[Extracted records]
^^^^^^^^^^^^^^^^

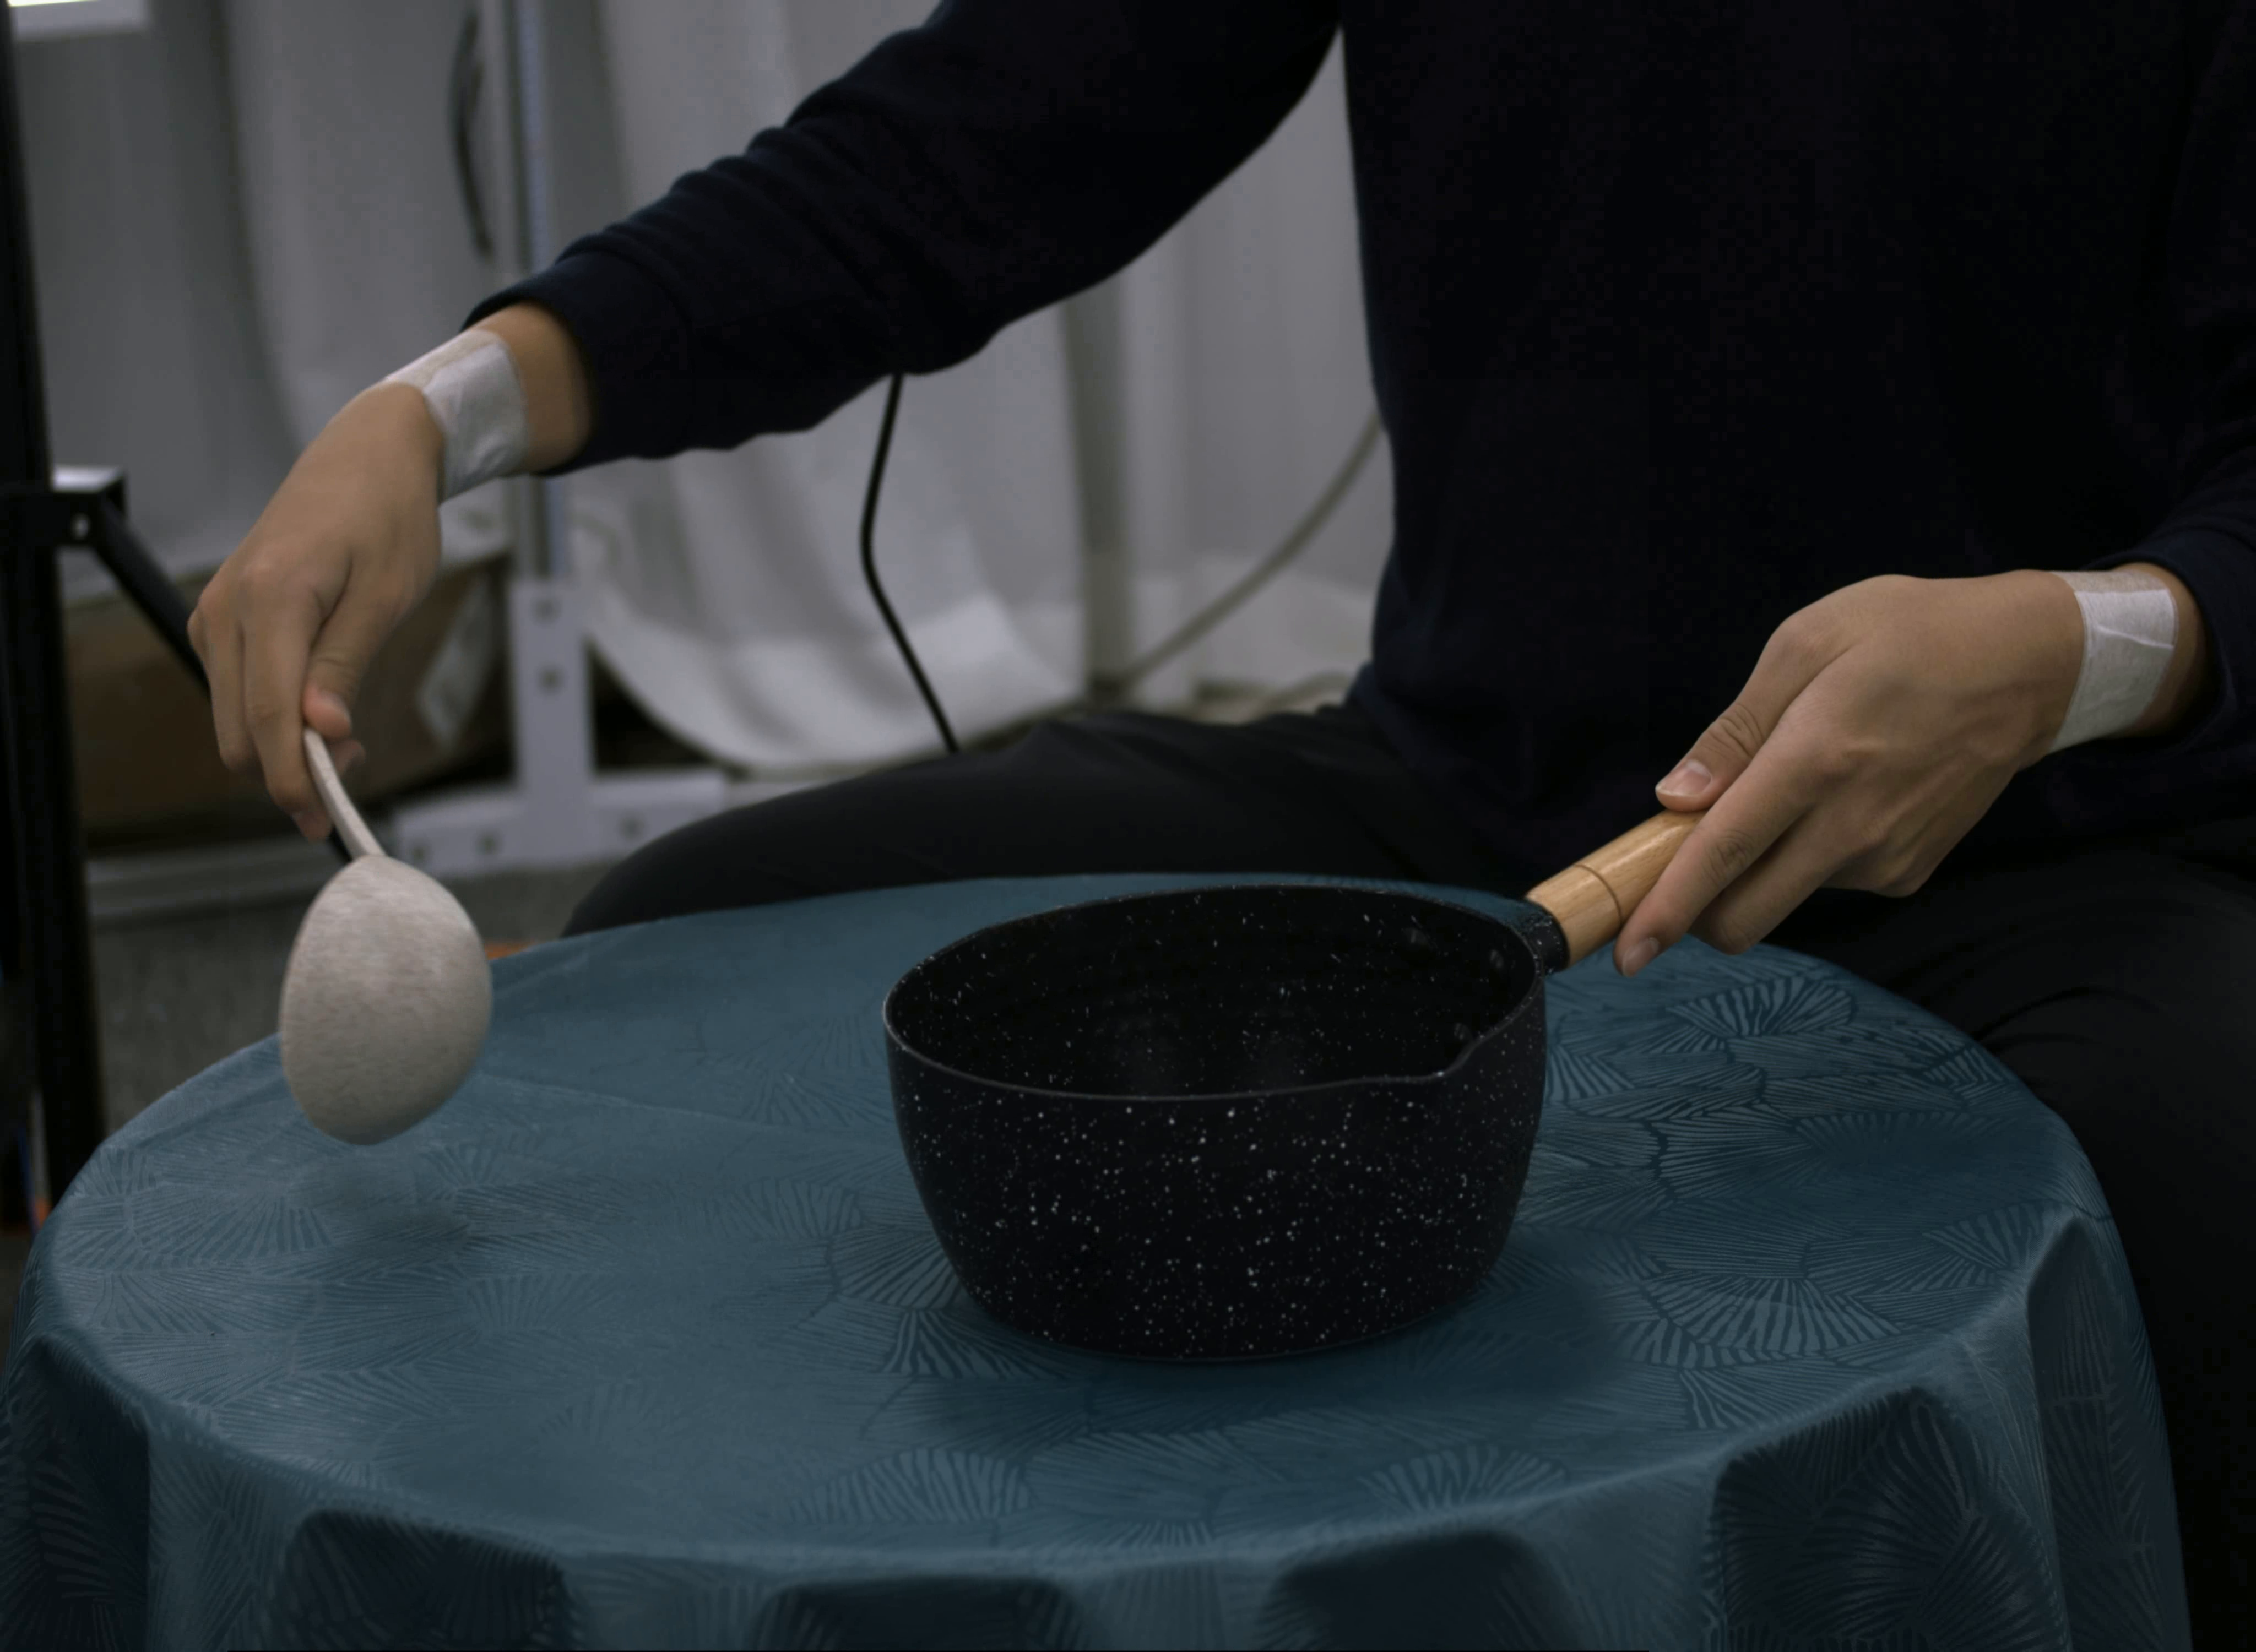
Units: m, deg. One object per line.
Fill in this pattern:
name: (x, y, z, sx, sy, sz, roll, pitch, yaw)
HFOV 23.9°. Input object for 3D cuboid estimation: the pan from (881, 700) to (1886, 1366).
pan: (0.088, 0.054, 1.517, 0.335, 0.108, 0.212, -17, 20, -33)

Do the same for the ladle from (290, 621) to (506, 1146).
ladle: (-0.253, 0.005, 1.652, 0.068, 0.088, 0.280, -21, 31, -12)

^^^^^^^^^^^^^^^^

_What to work on_
For this exercise, transcribe the entries above exactly, without any pictures.

_Solved problem_
Units: m, deg. One object per line.
Fill in this pattern:
name: (x, y, z, sx, sy, sz, roll, pitch, yaw)
HFOV 23.9°. Input object for 3D cuboid estimation: the pan from (881, 700) to (1886, 1366).
pan: (0.088, 0.054, 1.517, 0.335, 0.108, 0.212, -17, 20, -33)

Do the same for the ladle from (290, 621) to (506, 1146).
ladle: (-0.253, 0.005, 1.652, 0.068, 0.088, 0.280, -21, 31, -12)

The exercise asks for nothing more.